Generation Snowflake: how we train our kids to be censorious cry-babies - jazzdev
http://www.spectator.co.uk/2016/06/generation-snowflake-how-we-train-our-kids-to-be-censorious-cry-babies/
======
Annatar
I fully agree with the author of the article. Blatant examples reaffirming the
author's article can be seen here on Hacker news, for example, where any
questioning and doubt of popular opinion can lead to profound distress,
implied and open threats, as well as excesses of emotional angst. Write
anything that does not amount to high praise and one might suddenly find
oneself in very hot water. Examples on the Internet at large are even more
extreme.

If I write that I grew up in a highly competitive environment, where
toughness, both physical and intellectual was constantly challenged at all
levels and was what we lived by, and that the current state of affairs deeply
disgusts me, is that going to land me on the censorship track and cause all
kinds of emotional angst?

I've been on the Internet since 1993, long before most of generation Y could
even use this medium, and long before the commoners (more angst!

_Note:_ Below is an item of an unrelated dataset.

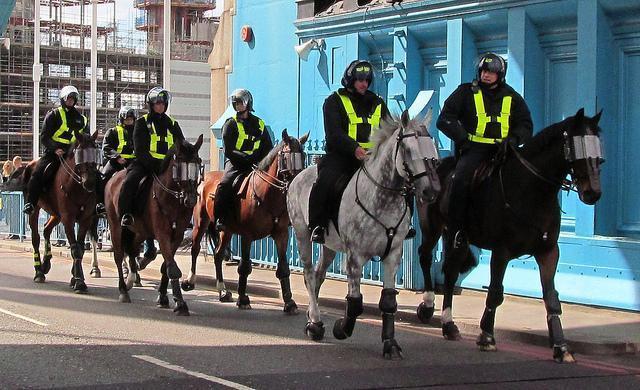How many people are riding?
Give a very brief answer. 6. How many horses are in the photo?
Give a very brief answer. 6. How many people are visible?
Give a very brief answer. 5. How many horses are there?
Give a very brief answer. 5. 
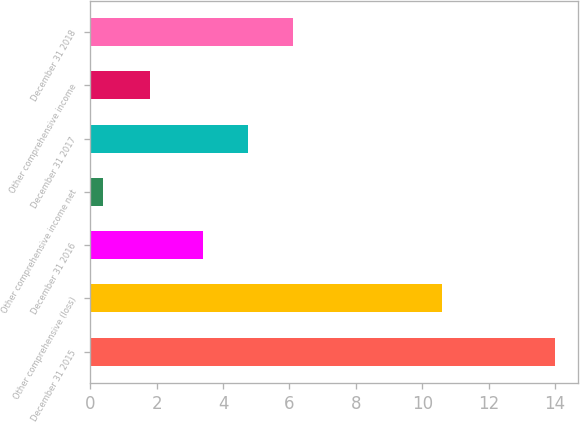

Oh the
impudence!) made the intellectual cesspool out of it, and I've noticed a
disturbing trend: write a dissenting opinion and count on being labeled a
troll. Back in the day when you told someone that they're a lamer because
their decompression routine sucks and needs 80 bytes and they told you that
you're an incompetent asshole who just spews crap, you wrote a 51 byte routine
that was at least twice as fast, and told them where they belong; sometimes
the little flower would get so bent out of shape that they meet you with a
bunch of their friends and then get the living daylights beaten out of all of
them. And the world still turns, the Sun still rises, and sometimes you meet
those people and have coffee with them today, laughing about the good old
times. I really wonder if my generation completely or just partially failed at
parenting, raising "special flowers" which cannot deal even with simple
opposing opinion, let alone someone writing faster and shorter code, or having
better grades than them. What kind of panic would reign if they decided to
climb a tree without a carabine or a helmet, completely unattended?

------
billpg
The problem is (thing I hate)!

The solution to the problem is (thing I like)!